--- Task details ---
Copy, with no pictures, the line that contains "Lengths in meters" and each line after it down to the end of the entries below, exactly.

--- Items listed in a dataset ---
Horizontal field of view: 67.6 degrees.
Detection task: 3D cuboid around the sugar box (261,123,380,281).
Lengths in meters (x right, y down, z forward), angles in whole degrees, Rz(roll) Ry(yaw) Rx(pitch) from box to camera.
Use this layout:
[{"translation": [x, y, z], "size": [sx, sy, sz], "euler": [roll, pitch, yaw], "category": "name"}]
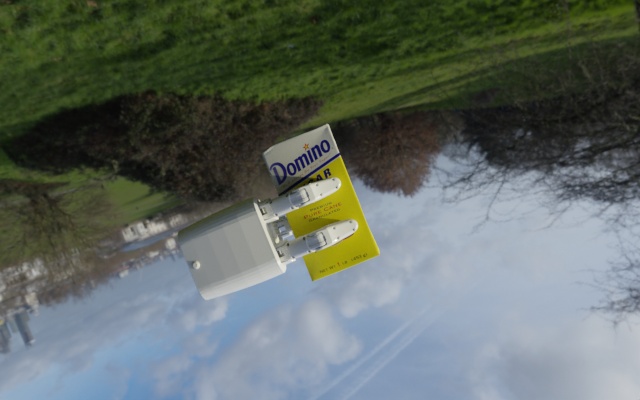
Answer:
[{"translation": [0.000, 0.002, 0.603], "size": [0.093, 0.176, 0.048], "euler": [-23, 1, 3], "category": "sugar box"}]
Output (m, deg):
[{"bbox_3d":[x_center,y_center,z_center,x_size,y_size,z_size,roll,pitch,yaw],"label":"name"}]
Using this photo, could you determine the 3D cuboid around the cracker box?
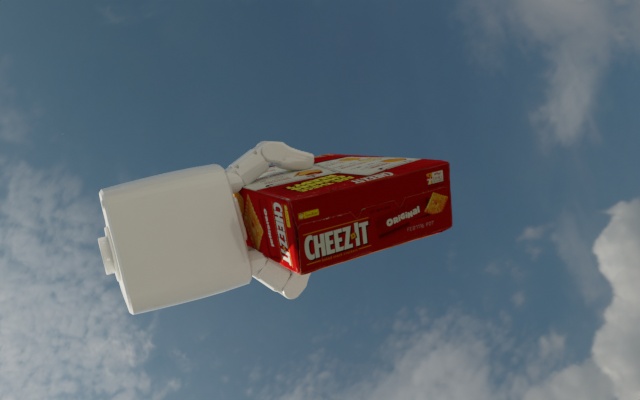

--- Response area ---
Lengths in meters (x right, y down, z forward), angles in whole degrees, Rz(roll) Ry(yaw) Rx(pitch) from box to camera.
Use this layout:
[{"translation": [x, y, z], "size": [sx, sy, sz], "euler": [roll, pitch, yaw], "category": "name"}]
Answer:
[{"translation": [0.000, 0.002, 0.603], "size": [0.093, 0.176, 0.048], "euler": [-23, 1, 3], "category": "sugar box"}]
Output (m, deg):
[{"bbox_3d":[x_center,y_center,z_center,x_size,y_size,z_size,roll,pitch,yaw],"label":"name"}]
Using this photo, could you determine the 3D cuboid around the cracker box?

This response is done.